Orlando Chiropractor|Does Having Pets Really Strengthen Your Immune System?
8/14/2013
Many have fond memories of the family dog coming trotting up when they were a toddler and giving them a big lick on the face. Although parents (and children alike) may have run off shouting "Ugh, dog germs!" like Lucy in the Peanuts comic strip, those "dog germs" may have led to the development of a stronger immune system.
A recent Finnish study performed by researchers at Kuopio University Hospital found that babies who grow up in a home that has a pet are less likely to get coughs and colds in their first year of life than their counterparts who live in pet-free homes. Lead author of the study, Dr. Eija Bergroth, a pediatrician at the university, said, "We think the exposure to pets somehow matures the immune system so when the child meets the microbes, he might be better prepared for them." Researchers believe that the dander that pets shed and the microbes that they bring in from outdoors prime babies' newly-forming immune systems, teaching them to fend off allergies, bacteria and viruses.
Previous studies had found a link between the presence of pets in a baby's home and a lower risk of allergies. And in a study performed on mice, exposure to household dust from a home in which a dog lived prevented a common respiratory virus that has been linked to the development of childhood asthma.

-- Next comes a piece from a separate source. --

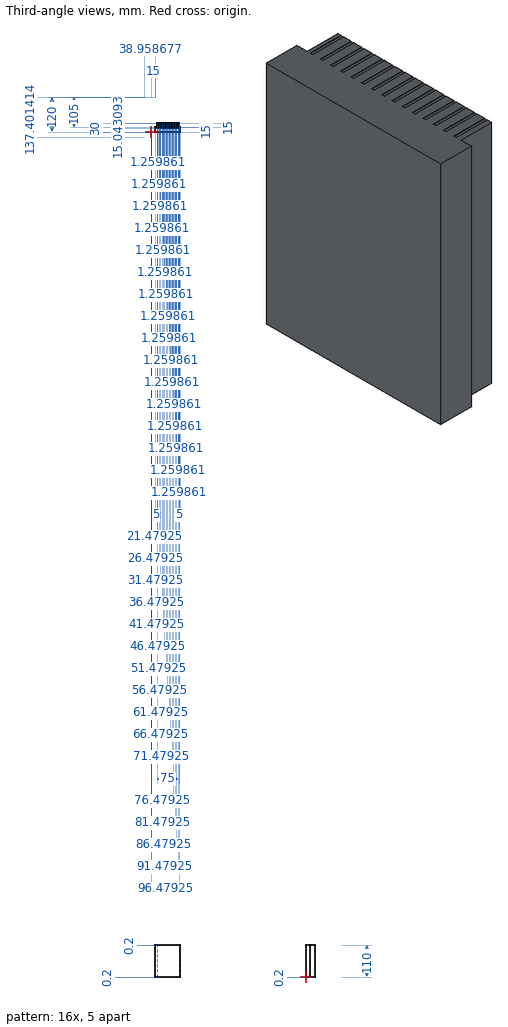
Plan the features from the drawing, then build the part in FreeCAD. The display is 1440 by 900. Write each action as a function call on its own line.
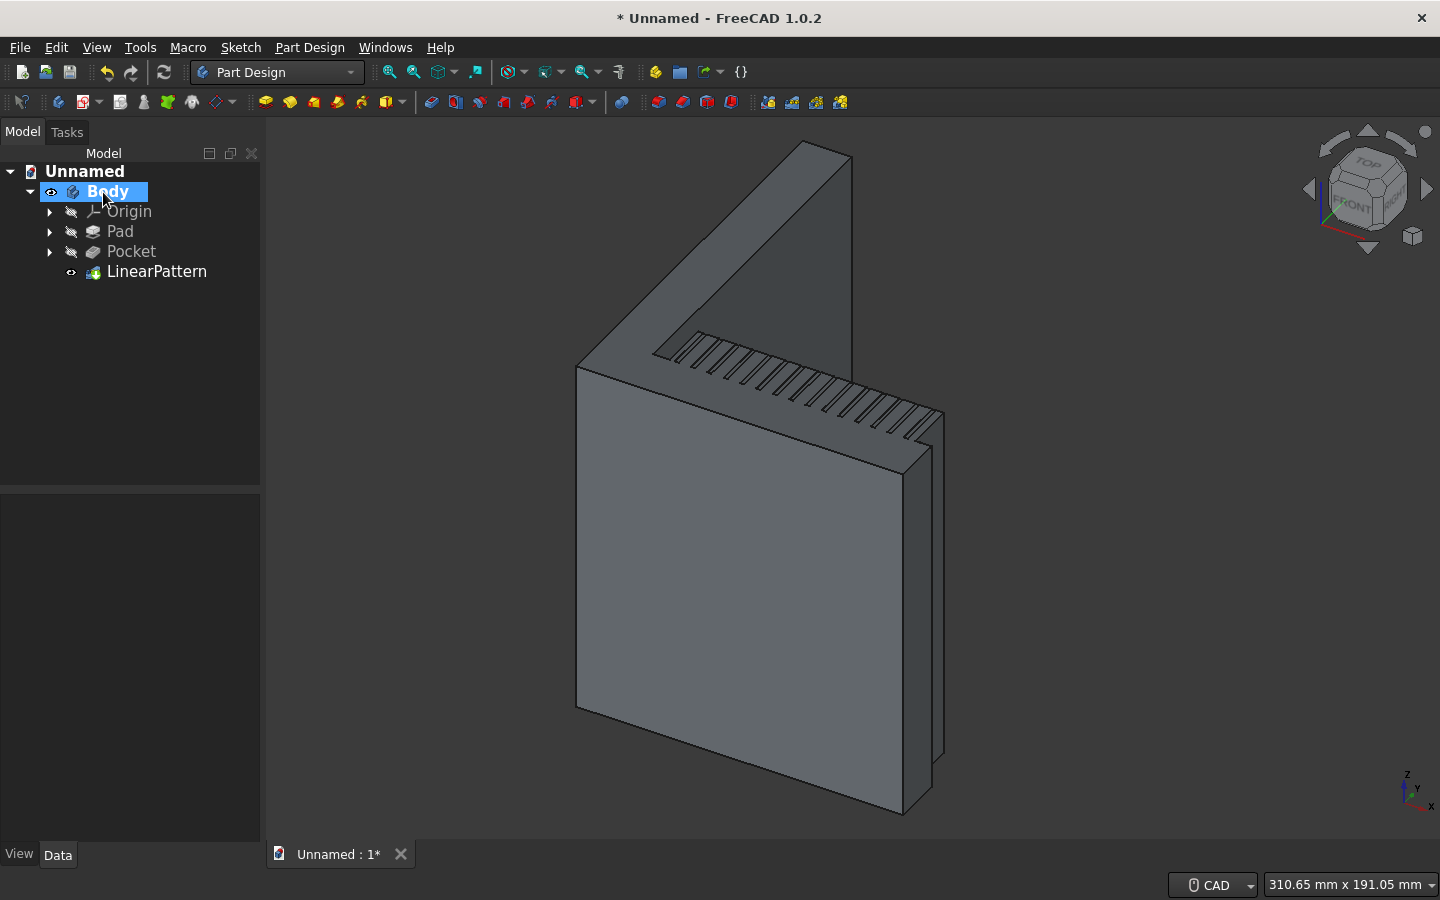
click(50, 212)

Researchers from the Finnish study, published in the journal Pediatrics, followed the health of 397 Finnish children during their first year of life. Parents recorded the state of their child's health on a weekly basis, including any runny noses, coughing and ear infections. They also noted if the child took any antibiotics. The results of the study found that children with pets in the home had a 44% lower risk of contracting an ear infection and were 29% less likely to be prescribed antibiotics, when compared with babies from pet-free homes.

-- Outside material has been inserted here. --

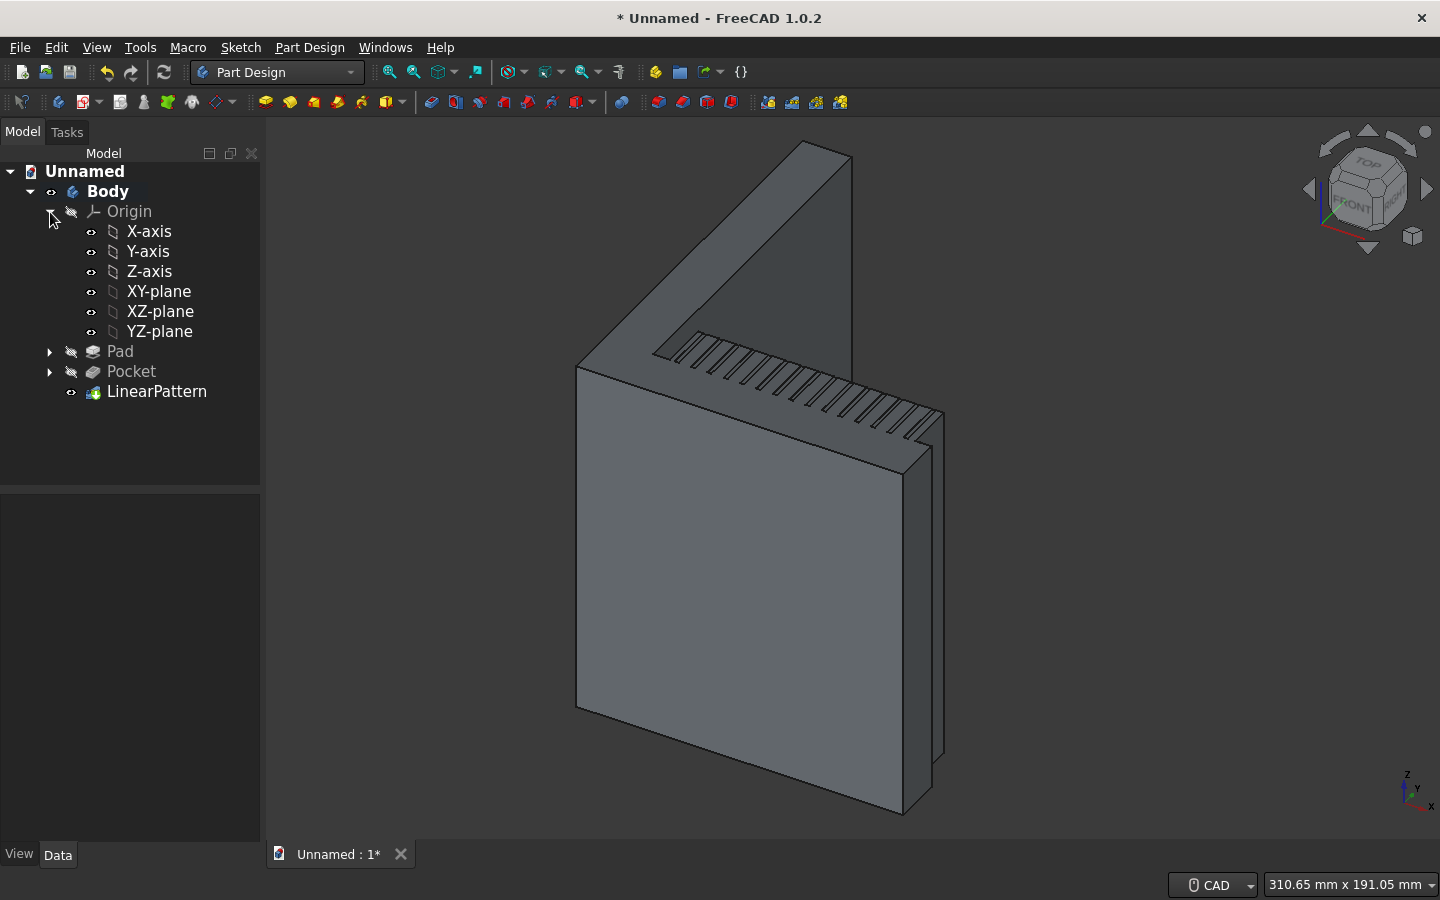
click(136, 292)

The type of pet in the home did make a difference in how likely babies were to become ill during their first year. Dogs in the home were associated with a 31% lower risk of illness in the first year, whereas the presence of cats in the home was associated with only a 6% improvement in risk. The greatest benefit was from outdoor pets (those that were not restricted only to the indoors), as they brought in a wider array of microbes on their fur.
According to researchers, early exposure to pets seems to be the key in developing greater resistance to microbes, as it is the time that a child's immune system is learning to differentiate friendly from unfriendly microbes, and by getting a wide array of these in small amounts, babies' immune systems become well-trained early on.